She was a tiny lady of indeterminate age, her back bent and her
fingers gnarled from arthritis. Don’t know how she held a pencil, but she did.
Each week, she and others like her sent their work in to local papers like the Lonoke County Democrat. After the
marriages and obits, theirs were the most highly valued and loyally read pieces
in the weekly news.
Her name was Hazel Pall and she died a few years ago. Before
she died, though, the paper was sold and her input terminated. What was this
marvelous source of news that she and her colleagues provided, that we lost,
and that we still miss?
Why, the church news, of course: attendance, visitors,
Sunday School lessons, sermon contents, things that contribute to a civilized
society. They did it for years, this dedicated bunch of amateur “stringers.” (That’s
journalism talk). There wasn’t a person at the Washington Post or New York Times
more reliable in meeting deadlines. Their gift to us was a link from the Heart
of America to the printed word—a genuine testiment to veracity and honesty long
since trampled into the ground by modern “news” sources like Fox, Brietbart,
and Drudge.
BigNews bought out the little papers and discontinued the
input of Hazel Pall and the others. The new models feature sports news, city
council minutes, obituaries, and weddings. The latter doesn’t feature the
carefully posed professional engagement and wedding photos of my generation. No.

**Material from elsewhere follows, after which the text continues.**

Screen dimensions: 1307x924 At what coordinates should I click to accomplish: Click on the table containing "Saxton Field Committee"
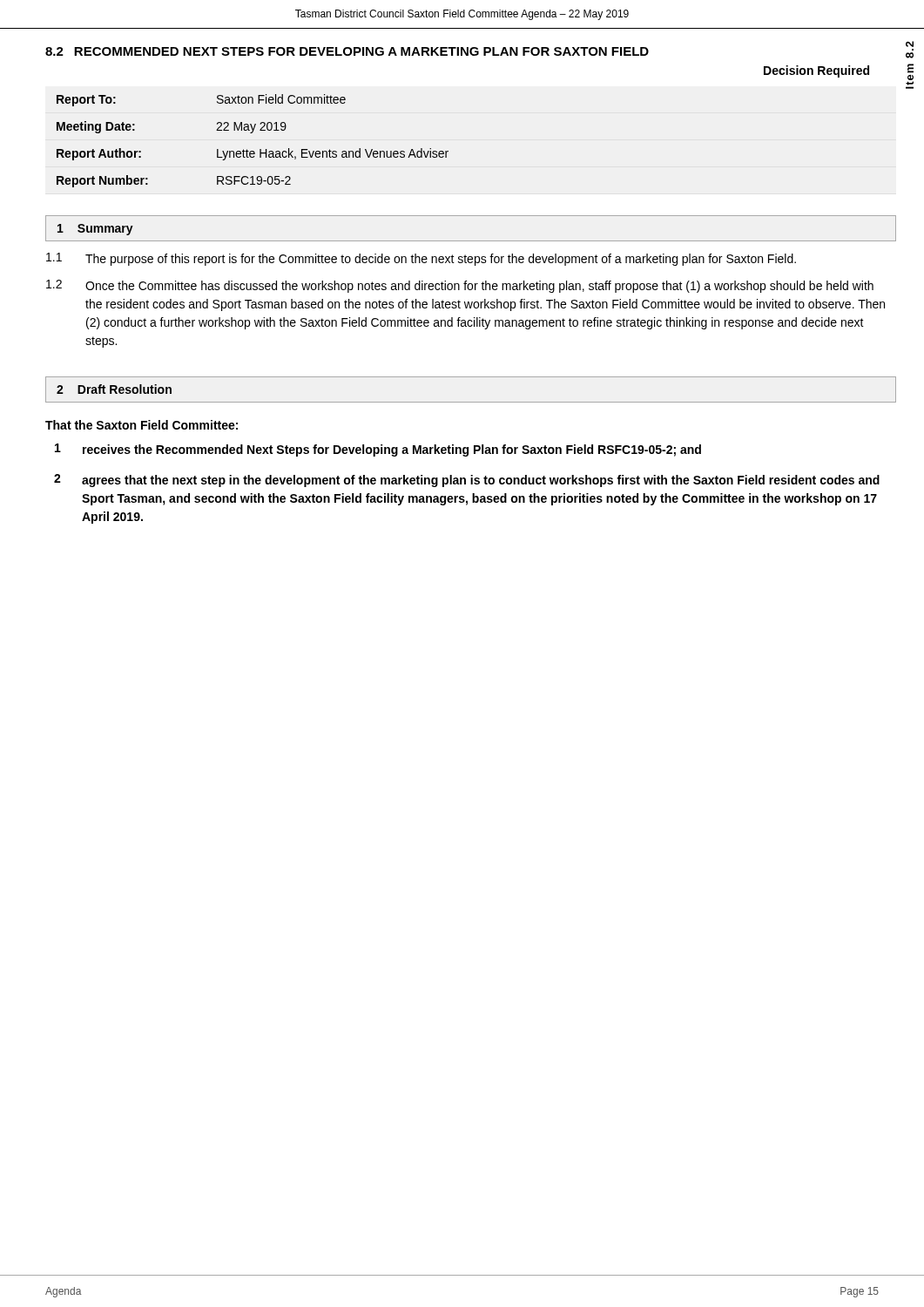tap(471, 140)
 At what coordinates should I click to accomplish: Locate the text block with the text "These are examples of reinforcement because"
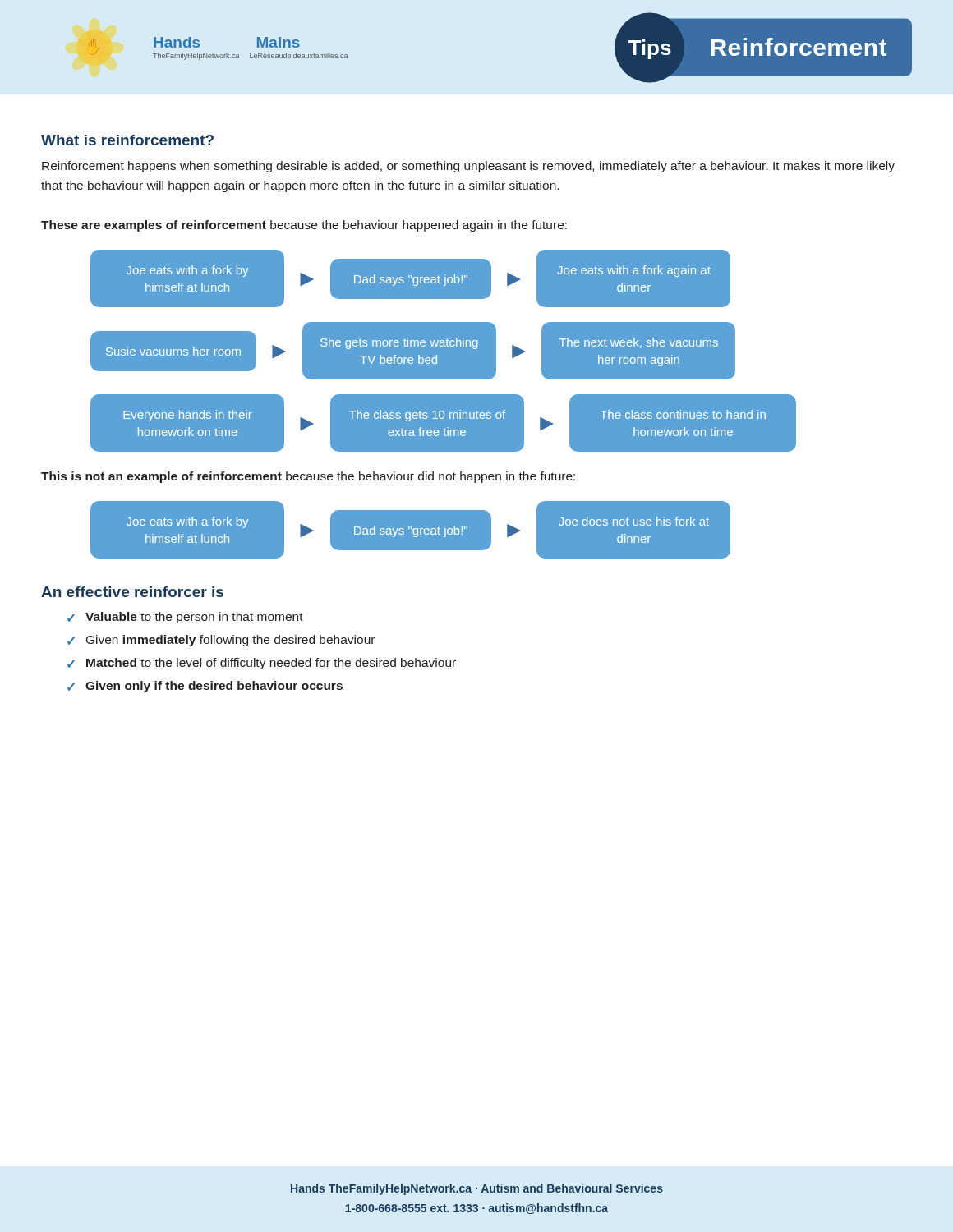304,225

Too often they are cell-phone-photos of an unshaven man in an over-sized cowboy
hat and an under-aged girl with tattoos flowing out of her collar and up her
neck.
Times have changed. I had one of my eagerly-looked-for
lunches with my journalist friend Sonny Rhodes yesterday. We discussed the demise
or transformation of the weekly papers. His take was most interesting, as his
insights always are. “The readers of church news in local weeklies,” he said, “are often people who live far away and want to keep up with their hometowns, not the folks
who are prospects for local advertising.
Thus, money rules. As the president would say, “If it don't make a buck, then you’re out of luck.”
We had an enlightening lunch, Sonny and I. He told me some
tales about having to decipher the submittals of the Hazel Palls of the world. He
recounted some of the struggles he and his contemporaries had in moving from
IBM Selectrics to the computer age. With a little prodding, I’m sure he would
have re-told the escapade in which he learned the consequences of accepting a
ride in a private plane to see the site of a story he was working on, said
flight occurring only an hour after a big lunch at a Chinese restaurant.

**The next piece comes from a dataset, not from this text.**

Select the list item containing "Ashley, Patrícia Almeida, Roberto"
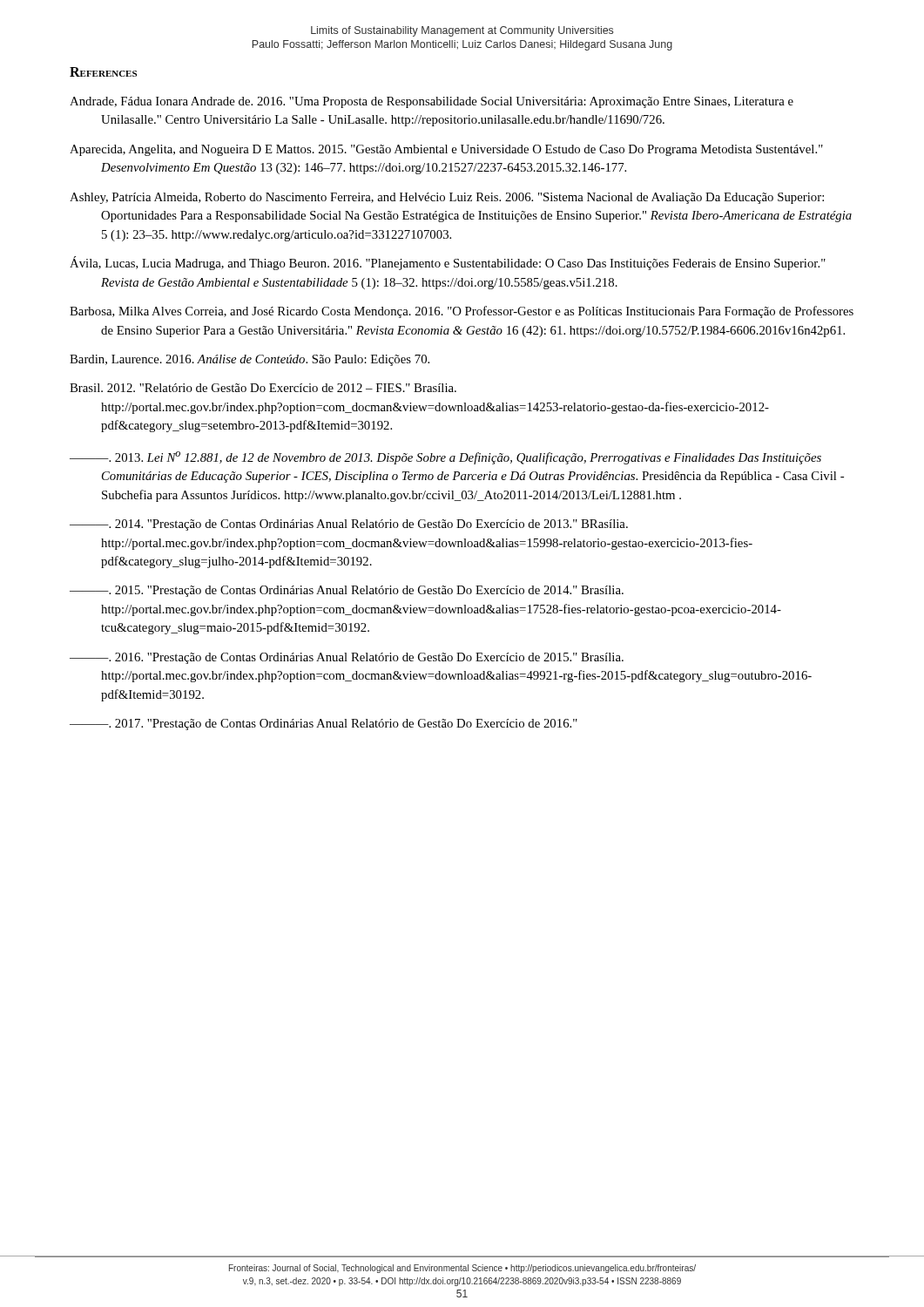 [x=461, y=215]

We also planned our next "road trip," maybe to northwest Louisiana
to see the “Bonnie and Clyde Death Site.” Please don’t ask why. There’s no good
answer. Sometimes it is just good to spend time with a friend and see things
that have no intrinsic value, but satisfy an “itch to learn.”
Note: Arkansas' own John Grisham wrote eloquently about small-county newspapers, and the death of their downtowns as well, in one of his better books.